My kids went to school in the early days of EQAO – the standardized testing program introduced in Ontario in 2002. There were many concerns and questions raised at that time, especially by parents of Grade 3 students. We worried about subjecting such young kids to a week of structured testing. Some parents considered pulling their children out of school for the week. Others were in favour of the tests. There was definitely tension in the air.
So it was refreshing to receive this cheery note from our son’s French Immersion teacher:
“Bonjour, parents! The children and I have planned our strategy for getting through the upcoming EQAO testing period:
Day 1: cookies
Day 2: popsicles
Day 3: popcorn . . .”
And so on. There was a party snack planned for each day of testing, and volunteers were sought to provide one of the designated snacks.

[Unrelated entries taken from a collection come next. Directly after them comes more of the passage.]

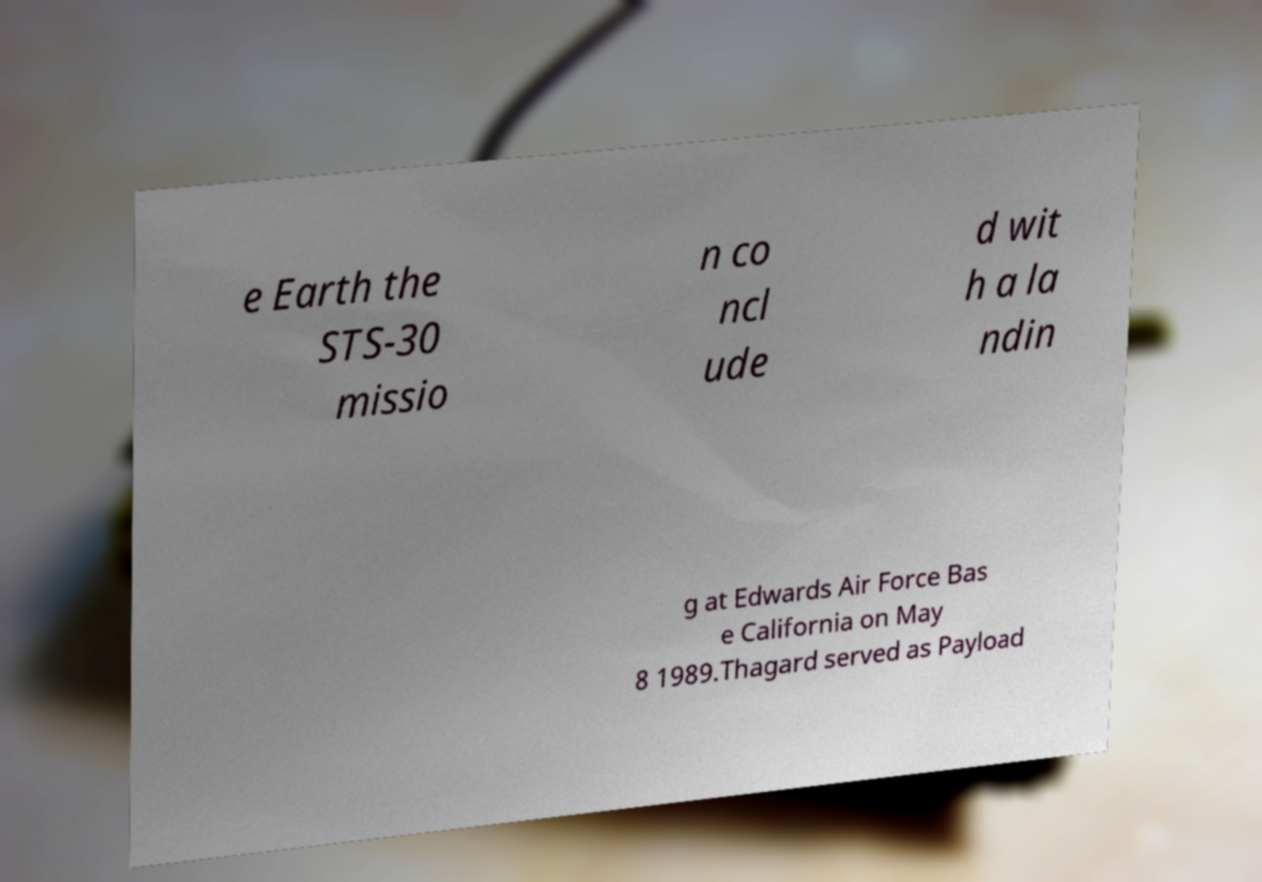What messages or text are displayed in this image? I need them in a readable, typed format. e Earth the STS-30 missio n co ncl ude d wit h a la ndin g at Edwards Air Force Bas e California on May 8 1989.Thagard served as Payload 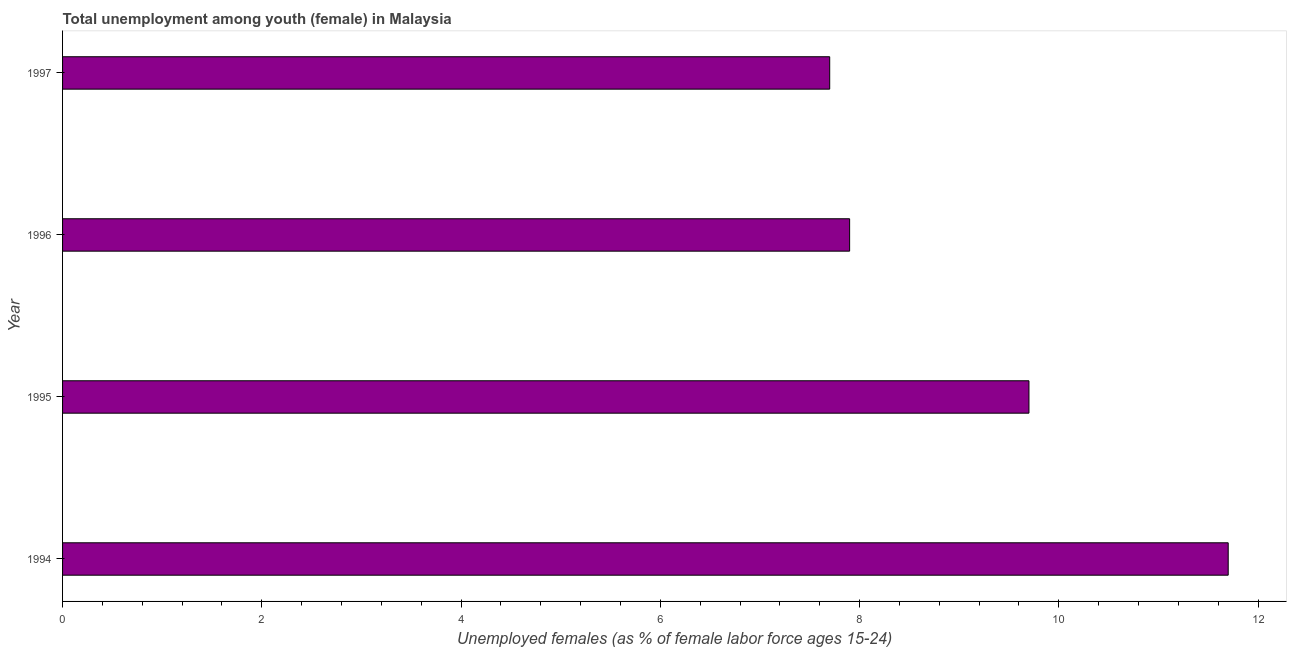Does the graph contain grids?
Your answer should be very brief. No. What is the title of the graph?
Ensure brevity in your answer.  Total unemployment among youth (female) in Malaysia. What is the label or title of the X-axis?
Keep it short and to the point. Unemployed females (as % of female labor force ages 15-24). What is the label or title of the Y-axis?
Make the answer very short. Year. What is the unemployed female youth population in 1995?
Your answer should be compact. 9.7. Across all years, what is the maximum unemployed female youth population?
Provide a short and direct response. 11.7. Across all years, what is the minimum unemployed female youth population?
Offer a terse response. 7.7. In which year was the unemployed female youth population minimum?
Make the answer very short. 1997. What is the sum of the unemployed female youth population?
Ensure brevity in your answer.  37. What is the difference between the unemployed female youth population in 1994 and 1995?
Your answer should be very brief. 2. What is the average unemployed female youth population per year?
Give a very brief answer. 9.25. What is the median unemployed female youth population?
Your response must be concise. 8.8. What is the ratio of the unemployed female youth population in 1995 to that in 1997?
Offer a terse response. 1.26. Are the values on the major ticks of X-axis written in scientific E-notation?
Your answer should be compact. No. What is the Unemployed females (as % of female labor force ages 15-24) of 1994?
Ensure brevity in your answer.  11.7. What is the Unemployed females (as % of female labor force ages 15-24) of 1995?
Give a very brief answer. 9.7. What is the Unemployed females (as % of female labor force ages 15-24) in 1996?
Offer a very short reply. 7.9. What is the Unemployed females (as % of female labor force ages 15-24) of 1997?
Provide a short and direct response. 7.7. What is the difference between the Unemployed females (as % of female labor force ages 15-24) in 1995 and 1997?
Provide a short and direct response. 2. What is the difference between the Unemployed females (as % of female labor force ages 15-24) in 1996 and 1997?
Provide a succinct answer. 0.2. What is the ratio of the Unemployed females (as % of female labor force ages 15-24) in 1994 to that in 1995?
Provide a short and direct response. 1.21. What is the ratio of the Unemployed females (as % of female labor force ages 15-24) in 1994 to that in 1996?
Your response must be concise. 1.48. What is the ratio of the Unemployed females (as % of female labor force ages 15-24) in 1994 to that in 1997?
Give a very brief answer. 1.52. What is the ratio of the Unemployed females (as % of female labor force ages 15-24) in 1995 to that in 1996?
Ensure brevity in your answer.  1.23. What is the ratio of the Unemployed females (as % of female labor force ages 15-24) in 1995 to that in 1997?
Offer a terse response. 1.26. 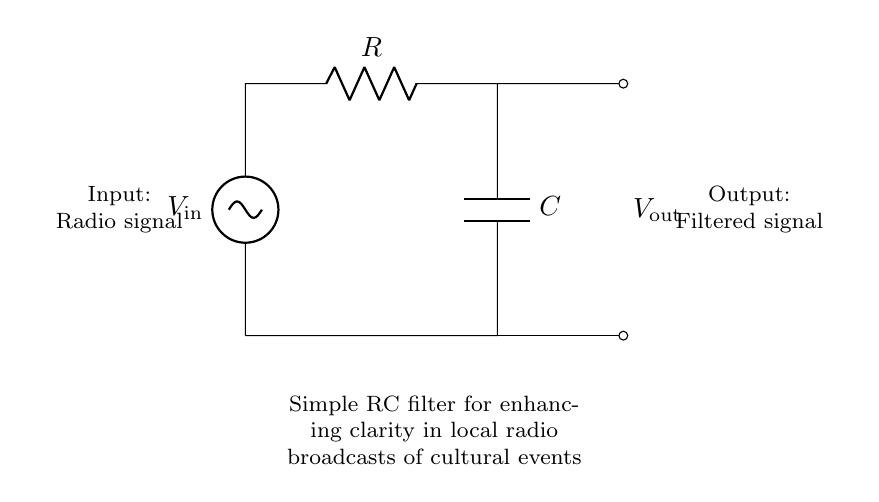What is the function of the resistor in this circuit? The resistor limits the current flowing through the circuit and influences the charging and discharging rate of the capacitor, which is crucial for filtering.
Answer: Limit current What does the capacitor do in this RC filter? The capacitor stores electrical energy and helps filter out unwanted frequencies in the radio signal, allowing only the desired signals to pass through.
Answer: Filter frequencies What is the relationship between input and output in this circuit? The output signal is a filtered version of the input signal; it removes noise and enhances the clarity of the cultural event broadcasts.
Answer: Filtered signal What type of signals does this circuit handle? The circuit is designed to process radio signals, specifically those transmitted during local cultural events.
Answer: Radio signals How does this circuit enhance the clarity of radio broadcasts? By using the RC components to create a low-pass filter, the circuit allows the desired frequencies to pass while attenuating higher frequencies, leading to clearer audio output.
Answer: Low-pass filtering What would happen if the resistor value is increased? Increasing the resistor value would slow down the charging and discharging time of the capacitor, which could affect the frequency response of the circuit and potentially alter the clarity of the output signal.
Answer: Affects frequency response

In these days of healthy nutrition awareness, that would probably no longer be allowed. But as a parent, I really appreciated that this teacher was making an effort to reduce the stress of her students’ first, rather intensive, experience with standardized tests and give them something fun to look forward to each day.
A decade later, standardized testing is entrenched, to one degree or another, across the country – but it is still controversial. In “Telling Time with a Broken Clock” (page 24), teacher and blogger Joe Bower takes a swing at the assumptions behind standardized test scores.
Of course, it’s the assessment that takes place in the classroom that affects students and teachers on a daily basis. Assessment of learning and assessment for learning are the warp and weft of classroom assessment, and this theme issue deals with both. In Robin Tierney’s “Fair Classroom Assessment” (page 20) and Anne Davies’ and Sandra Herbst’s “Co-Constructing Success Criteria” (page 16), you’ll find ideas that can be applied right away in any educational setting, while Kurtis Hewson and Jim Parsons offer a thoughtful reflection on setting effective school achievement goals (p. 9).
June, with its focus on final report cards and year-end assignments, is perhaps too full of assessment to allow much time to think about it! But we hope this issue will send you back to school in the fall with new plans for making your assessment practices more effective, all through the year.
Have a wonderful summer – we’ll be back with you, in September!